▶ _The task_
Wherever the string "cuboid" appears in the records, return the line that holds it.

▶ _Information supplied_

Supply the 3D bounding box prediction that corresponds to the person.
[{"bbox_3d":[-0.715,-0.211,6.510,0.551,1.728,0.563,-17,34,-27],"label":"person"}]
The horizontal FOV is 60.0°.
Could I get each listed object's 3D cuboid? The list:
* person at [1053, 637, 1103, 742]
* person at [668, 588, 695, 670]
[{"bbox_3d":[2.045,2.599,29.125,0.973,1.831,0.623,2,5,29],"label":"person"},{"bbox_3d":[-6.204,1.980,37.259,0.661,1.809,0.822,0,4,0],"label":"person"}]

* * *

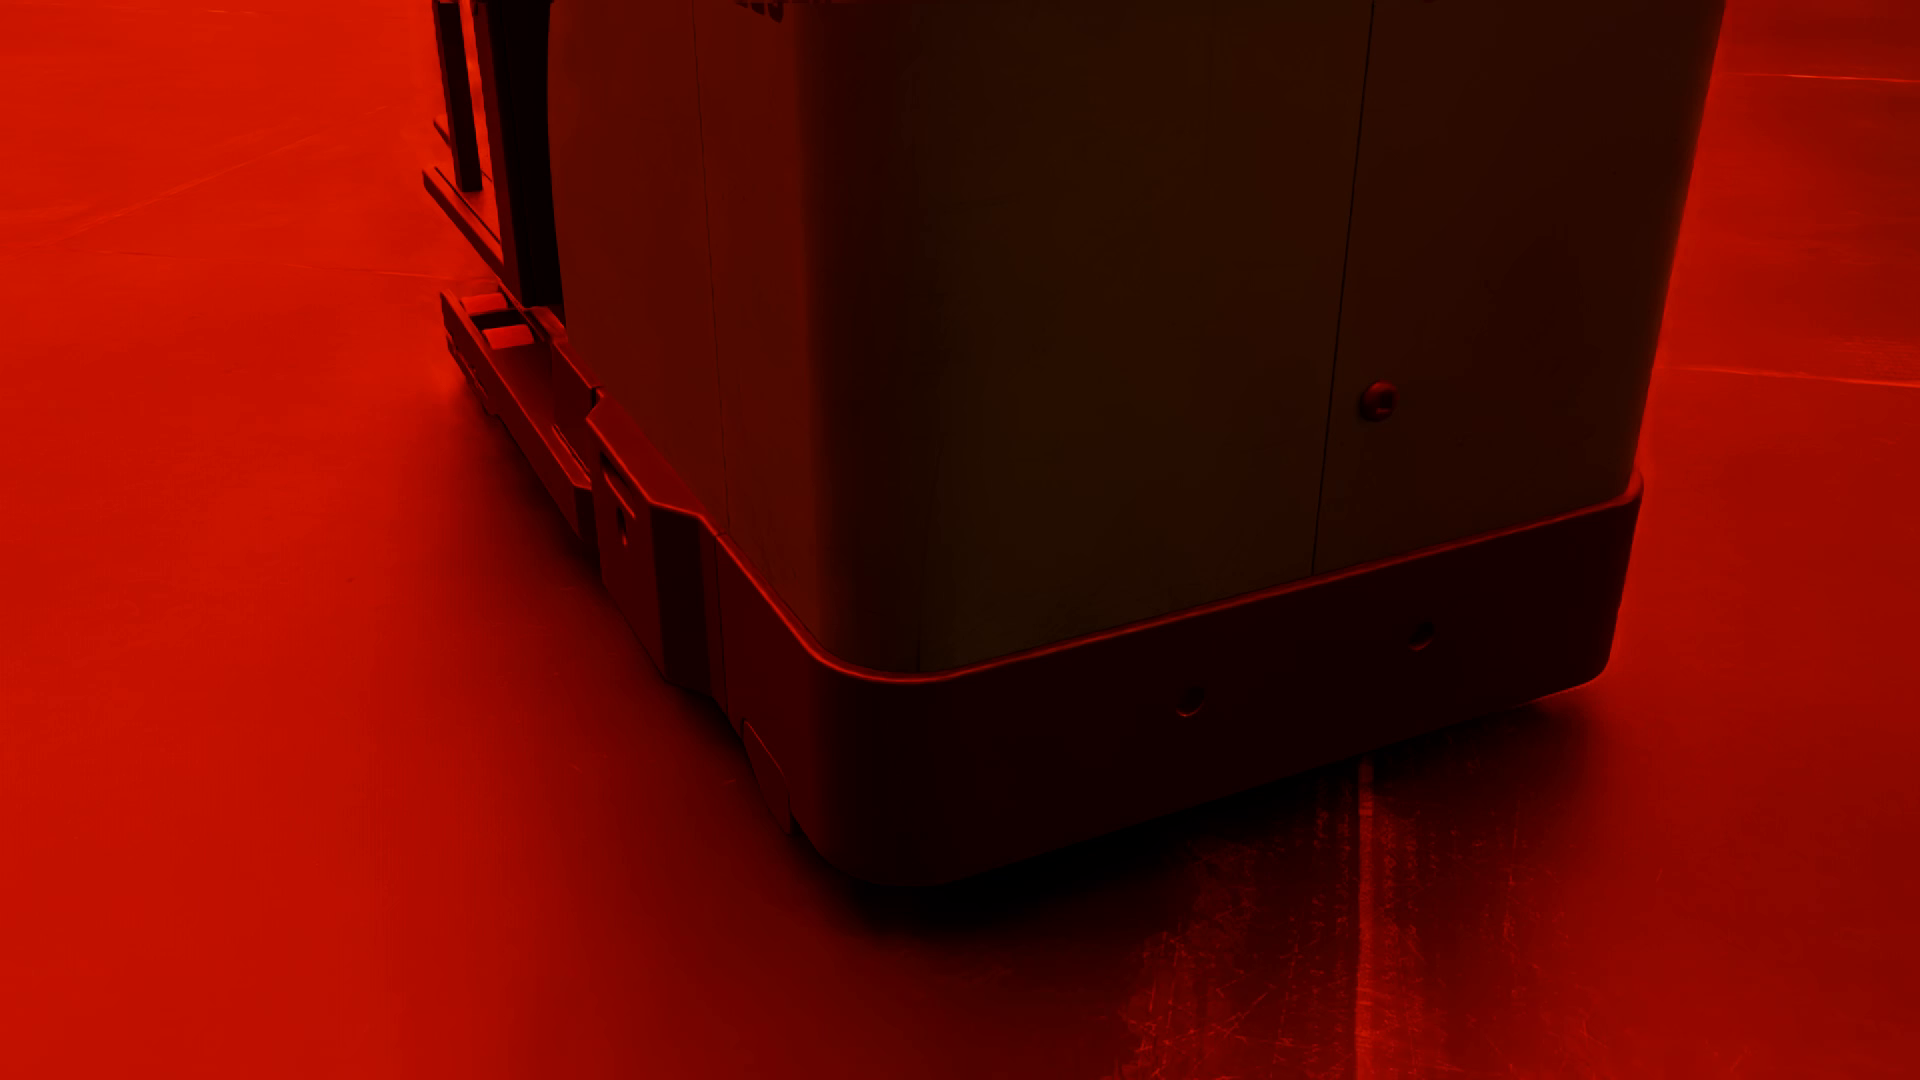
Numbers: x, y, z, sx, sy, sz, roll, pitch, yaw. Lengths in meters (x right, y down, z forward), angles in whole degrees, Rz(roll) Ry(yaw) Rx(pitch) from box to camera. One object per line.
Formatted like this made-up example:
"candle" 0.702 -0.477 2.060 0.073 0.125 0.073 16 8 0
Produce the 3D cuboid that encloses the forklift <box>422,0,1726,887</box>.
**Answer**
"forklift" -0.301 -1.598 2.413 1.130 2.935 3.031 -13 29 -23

▶ _Written answer_
Could I get each listed object's 3D cuboid? The list:
Produce the 3D cuboid that encloses the forklift <box>422,0,1726,887</box>.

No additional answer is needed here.